Exercise prompt:
In the entries below, how many lines contain the word "states"? State the number and nothing more.

Dataset:
╭──
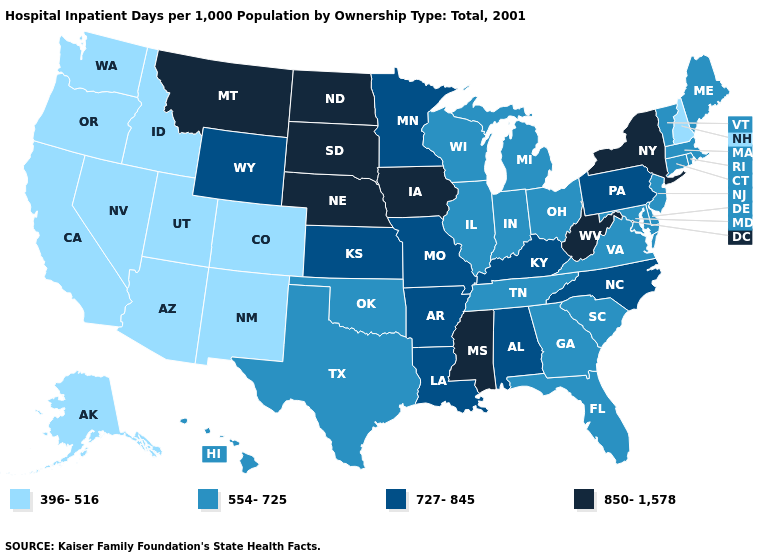Does Georgia have the same value as New Jersey?
Concise answer only. Yes. Does North Dakota have the highest value in the MidWest?
Quick response, please. Yes. Does New York have the lowest value in the Northeast?
Answer briefly. No. What is the value of Oklahoma?
Concise answer only. 554-725. Name the states that have a value in the range 554-725?
Keep it brief. Connecticut, Delaware, Florida, Georgia, Hawaii, Illinois, Indiana, Maine, Maryland, Massachusetts, Michigan, New Jersey, Ohio, Oklahoma, Rhode Island, South Carolina, Tennessee, Texas, Vermont, Virginia, Wisconsin. What is the value of Arkansas?
Concise answer only. 727-845. What is the value of Illinois?
Be succinct. 554-725. Name the states that have a value in the range 396-516?
Answer briefly. Alaska, Arizona, California, Colorado, Idaho, Nevada, New Hampshire, New Mexico, Oregon, Utah, Washington. What is the value of North Dakota?
Answer briefly. 850-1,578. Does New Jersey have a higher value than Indiana?
Answer briefly. No. What is the value of Kentucky?
Answer briefly. 727-845. Which states have the lowest value in the MidWest?
Answer briefly. Illinois, Indiana, Michigan, Ohio, Wisconsin. Does Illinois have a lower value than Kentucky?
Answer briefly. Yes. Does New Hampshire have the lowest value in the Northeast?
Short answer required. Yes. 
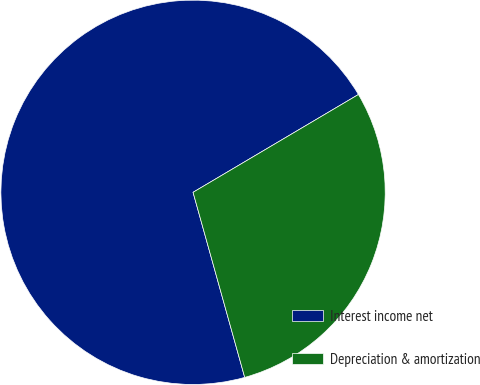<chart> <loc_0><loc_0><loc_500><loc_500><pie_chart><fcel>Interest income net<fcel>Depreciation & amortization<nl><fcel>70.83%<fcel>29.17%<nl></chart> 
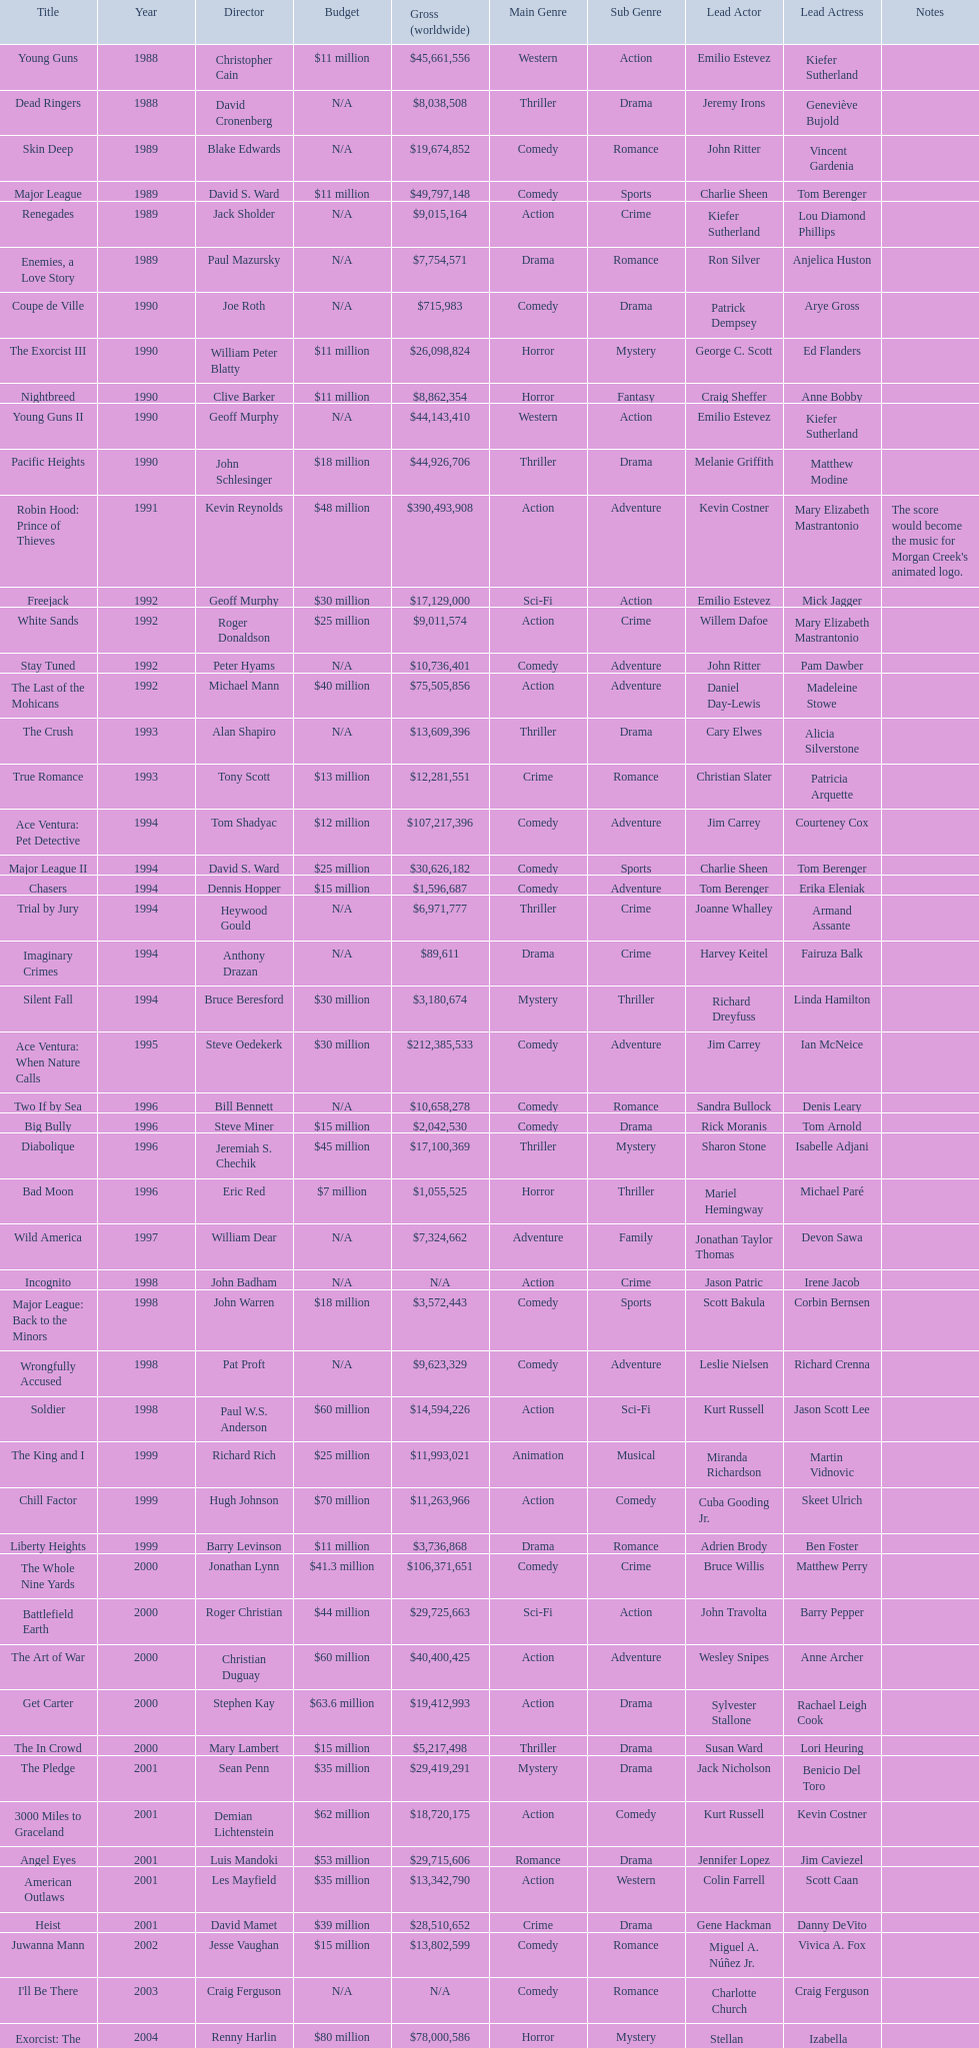What is the number of films directed by david s. ward? 2.
╰──
Result:
3